*Task statement*: Only lines holding "significant" are needed; copy each of them from the data below.

*Data*:
##############################
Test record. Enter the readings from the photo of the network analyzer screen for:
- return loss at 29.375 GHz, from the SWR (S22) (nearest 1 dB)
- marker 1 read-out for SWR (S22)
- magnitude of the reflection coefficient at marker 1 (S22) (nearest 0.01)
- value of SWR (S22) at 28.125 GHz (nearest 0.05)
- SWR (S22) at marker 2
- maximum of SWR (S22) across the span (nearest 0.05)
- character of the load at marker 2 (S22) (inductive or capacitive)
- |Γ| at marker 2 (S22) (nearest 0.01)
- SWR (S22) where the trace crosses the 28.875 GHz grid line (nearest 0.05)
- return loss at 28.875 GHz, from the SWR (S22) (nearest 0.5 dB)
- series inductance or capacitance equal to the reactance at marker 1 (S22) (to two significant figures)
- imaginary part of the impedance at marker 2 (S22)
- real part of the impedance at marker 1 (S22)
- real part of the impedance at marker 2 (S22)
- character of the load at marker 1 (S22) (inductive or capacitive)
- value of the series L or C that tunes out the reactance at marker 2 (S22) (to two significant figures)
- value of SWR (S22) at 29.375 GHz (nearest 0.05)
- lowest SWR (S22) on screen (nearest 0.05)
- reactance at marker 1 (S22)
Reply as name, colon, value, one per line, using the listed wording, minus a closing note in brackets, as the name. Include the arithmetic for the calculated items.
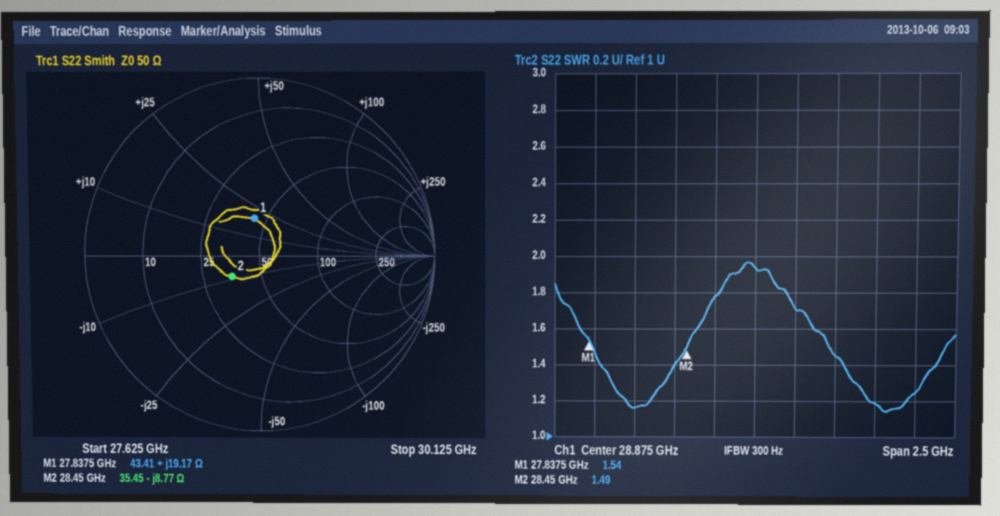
return loss at 29.375 GHz, from the SWR (S22): −20 log10((1.45 − 1)/(1.45 + 1)) ≈ 15 dB
marker 1 read-out for SWR: 1.54
magnitude of the reflection coefficient at marker 1 (S22): 0.21
value of SWR (S22) at 28.125 GHz: 1.15
SWR (S22) at marker 2: 1.49
maximum of SWR (S22) across the span: 1.95
character of the load at marker 2 (S22): capacitive
|Γ| at marker 2 (S22): 0.20
SWR (S22) where the trace crosses the 28.875 GHz grid line: 1.95
return loss at 28.875 GHz, from the SWR (S22): −20 log10((1.95 − 1)/(1.95 + 1)) ≈ 9.84 dB, so 10.0 dB to the nearest 0.5 dB
series inductance or capacitance equal to the reactance at marker 1 (S22): L = 19.17 Ω/(2π × 27.8375 GHz) ≈ 110 pH
imaginary part of the impedance at marker 2: -8.77 Ω
real part of the impedance at marker 1: 43.41 Ω
real part of the impedance at marker 2: 35.45 Ω
character of the load at marker 1 (S22): inductive
value of the series L or C that tunes out the reactance at marker 2 (S22): L = 8.77 Ω/(2π × 28.45 GHz) ≈ 49 pH
value of SWR (S22) at 29.375 GHz: 1.45
lowest SWR (S22) on screen: 1.15
reactance at marker 1: +19.17 Ω
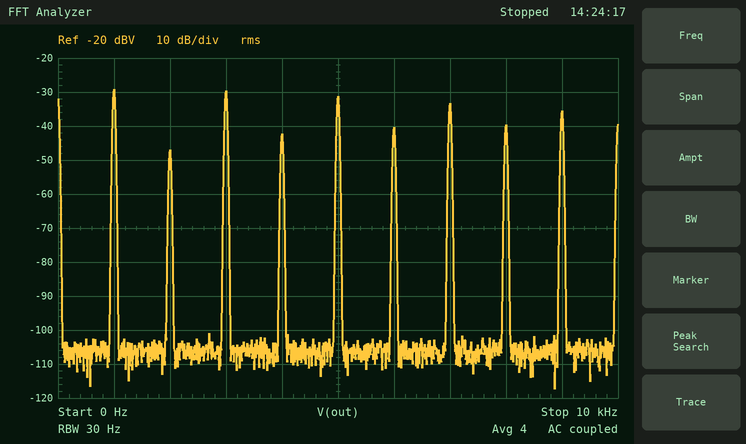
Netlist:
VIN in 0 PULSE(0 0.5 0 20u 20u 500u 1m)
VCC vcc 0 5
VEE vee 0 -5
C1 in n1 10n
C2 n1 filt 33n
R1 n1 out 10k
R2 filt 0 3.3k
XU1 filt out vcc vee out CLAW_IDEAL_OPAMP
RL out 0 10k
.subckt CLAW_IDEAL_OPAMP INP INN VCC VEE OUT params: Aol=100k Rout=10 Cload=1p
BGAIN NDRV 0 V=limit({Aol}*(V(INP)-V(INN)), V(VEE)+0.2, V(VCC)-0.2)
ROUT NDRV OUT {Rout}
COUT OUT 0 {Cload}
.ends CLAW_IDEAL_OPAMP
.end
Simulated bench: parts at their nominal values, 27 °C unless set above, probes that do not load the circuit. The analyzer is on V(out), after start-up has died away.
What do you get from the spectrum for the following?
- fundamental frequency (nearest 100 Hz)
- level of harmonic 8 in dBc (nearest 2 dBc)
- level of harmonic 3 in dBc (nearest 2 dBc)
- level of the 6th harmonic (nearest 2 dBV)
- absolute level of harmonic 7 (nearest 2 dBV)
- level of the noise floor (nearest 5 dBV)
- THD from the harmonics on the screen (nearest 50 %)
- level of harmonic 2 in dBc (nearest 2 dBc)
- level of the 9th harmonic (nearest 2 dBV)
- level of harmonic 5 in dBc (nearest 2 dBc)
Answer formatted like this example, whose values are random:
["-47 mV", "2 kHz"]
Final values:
["1.0 kHz", "-10 dBc", "0 dBc", "-40 dBV", "-34 dBV", "-105 dBV", "150 %", "-18 dBc", "-36 dBV", "-2 dBc"]
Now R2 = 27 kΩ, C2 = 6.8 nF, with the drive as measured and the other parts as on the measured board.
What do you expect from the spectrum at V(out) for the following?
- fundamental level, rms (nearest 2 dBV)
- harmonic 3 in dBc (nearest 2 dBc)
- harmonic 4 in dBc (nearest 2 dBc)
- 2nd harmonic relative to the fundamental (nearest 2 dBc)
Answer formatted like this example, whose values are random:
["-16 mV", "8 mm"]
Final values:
["-16 dBV", "-6 dBc", "-20 dBc", "-20 dBc"]
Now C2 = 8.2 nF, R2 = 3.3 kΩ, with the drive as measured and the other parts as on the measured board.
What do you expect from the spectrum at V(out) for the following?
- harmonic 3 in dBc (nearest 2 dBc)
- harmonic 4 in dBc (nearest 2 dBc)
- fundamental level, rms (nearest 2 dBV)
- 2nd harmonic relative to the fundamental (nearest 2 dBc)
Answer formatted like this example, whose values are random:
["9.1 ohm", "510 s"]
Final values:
["2 dBc", "-10 dBc", "-36 dBV", "-16 dBc"]
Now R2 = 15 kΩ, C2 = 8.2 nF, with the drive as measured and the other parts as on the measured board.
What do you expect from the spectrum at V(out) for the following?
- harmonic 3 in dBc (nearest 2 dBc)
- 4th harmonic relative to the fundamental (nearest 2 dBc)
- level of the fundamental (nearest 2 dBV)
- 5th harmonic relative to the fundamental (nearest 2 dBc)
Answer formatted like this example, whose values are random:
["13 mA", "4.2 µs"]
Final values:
["-2 dBc", "-16 dBc", "-22 dBV", "-6 dBc"]
##############################
*Exercise answer*:
- series inductance or capacitance equal to the reactance at marker 1 (S22) (to two significant figures)
- value of the series L or C that tunes out the reactance at marker 2 (S22) (to two significant figures)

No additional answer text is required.